In a little less than 11 months’ time we will finally find out, after Dettori’s disclosure to ITV Racing on Saturday that the 2023 Flat season will be his final campaign in the saddle.
The highlights on the Dettori CV are mind boggling. It starts with a big-race double at Ascot in September 1990, when he was three months shy of his 20th birthday, and includes the unforgettable afternoon at the same track in 1996 when he went straight through the seven-race card. Dubai Millennium, Swain, Ouija Board, Fantastic Light, Golden Horn, Enable and Stradivarius are just a handful of the champions that earned their place in the pantheon with Dettori holding the reins.
But this retirement decision is clearly a very difficult one because, as he puts it, his ‘heart wants to carry on riding’.
“But I have had to use my brain and I’ve just turned 52 and next year I’ll be 53. I want to be competitive enough to do my owners and my horses justice next year and I think I’m still in that bracket of being good.

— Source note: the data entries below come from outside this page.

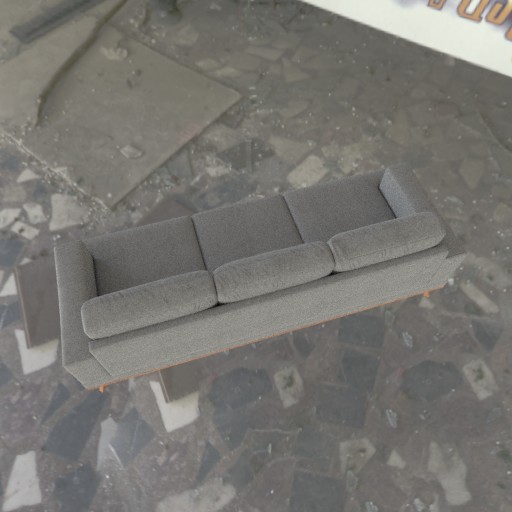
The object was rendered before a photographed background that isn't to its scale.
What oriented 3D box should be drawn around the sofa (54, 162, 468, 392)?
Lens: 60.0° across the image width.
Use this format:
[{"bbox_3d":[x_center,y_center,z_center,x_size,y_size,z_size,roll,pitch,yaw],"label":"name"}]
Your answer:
[{"bbox_3d":[0.000,0.000,2.755,2.310,0.810,0.920,-15,59,-9],"label":"sofa"}]
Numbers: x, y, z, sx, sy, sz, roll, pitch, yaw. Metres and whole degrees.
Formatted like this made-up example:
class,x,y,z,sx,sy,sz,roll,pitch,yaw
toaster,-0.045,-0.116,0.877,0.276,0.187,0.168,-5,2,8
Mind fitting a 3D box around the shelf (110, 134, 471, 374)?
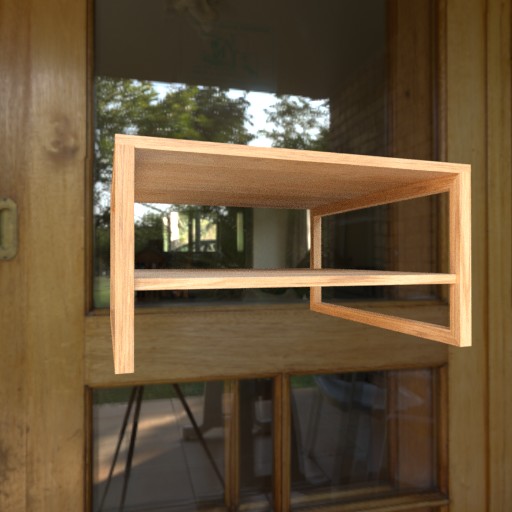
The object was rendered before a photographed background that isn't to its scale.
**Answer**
class,x,y,z,sx,sy,sz,roll,pitch,yaw
shelf,0.000,0.000,1.454,0.899,0.480,0.899,0,0,-19

It was difficult, but it is the right time.
“I spoke to my dad [the former Italian champion Gianfranco] at length. My dad stopped at 51, he is very supportiveand I also had to speak to my wife and children, who are delighted because they have barely seen me for 35 years.”
From his earliest days as a teenaged apprentice – and the first fledgling rider since Piggott to ride 100 winners in a season – horses have always run for Dettori. His immense natural talent and horsemanship found an ideal foil in the trainer Luca Cumani, who, coincidentally was at Hollywoodbets Kenilworth on Saturday, and who steered him through some difficult early years in Newmarket dealing with his celebrity status, which included a caution for possession of cocaine in April 1993.
The following year, he teamed up with Sheikh Mohammed’s embryonic Godolphin operation, at the start of a 20-year run of almost unbroken success on the track in their royal blue silks. The first of his three Flat jockeys’ championships arrived the same year, when his final total of 233 winners was the highest for 45 years.
The nadir of Dettori’s two decades with Godolphin was the plane crash in June 2000 which claimed the life of his pilot, Patrick Mackey. He was pulled from the burning wreckage by his fellow rider Ray Cochrane, and returned to the saddle only two months later.
By then, Dettori was already firmly established as one of the sporting world’s most familiar names, thanks in part to his magnificent seven at Ascot in 1996 but also his natural ebullience in front of the cameras. Where Piggott, his predecessor as the betting public’s go-to jockey, shied away from interviews and microphones, Dettori embraced celebrity easily and instinctively, reaching new audiences via shows as varied as A Question Of Sport and Loose Women.
Dettori was, in his later years, a flawed hero too, forced to rebuild his career in the post-Godolphin days after a six-month ban for testing positive for cocaine in September 2012. He checked in to the Celebrity Big Brother house while serving his suspension, then returned to his day job in May 2013 with his talent undimmed but a host of young and hungry rivals ahead of him in many trainers’ pecking orders.
The 10 seasons since have seen Dettori enjoy an Indian summer in association with John Gosden’s powerhouse yard in Newmarket.
A typically brilliant ride from a wide draw aboard Golden Horn in the 2015 Prix de l’Arc de Triomphe further cemented his status as one of the few individuals in any sport for whom no surname is required, while Enable and Stradivarius ran up long sequences of wins in Group One events.
Dettori’s 11-month farewell tour will give his public every chance to say goodbye and will no doubt be emotional at times, with his last Guineas meeting, last Derby and last Royal Ascot all leading towards a final wave to the fans at the Breeders’ Cup in California.
The last of his 14 winners at the meeting – a record for a European-based rider – came in 2018, but who would bet against one final shout?
“The weighing room is a capsule of timelessness where you never feel old – but the reality is I am old. So I have to give up.” A vintage Frankie quip!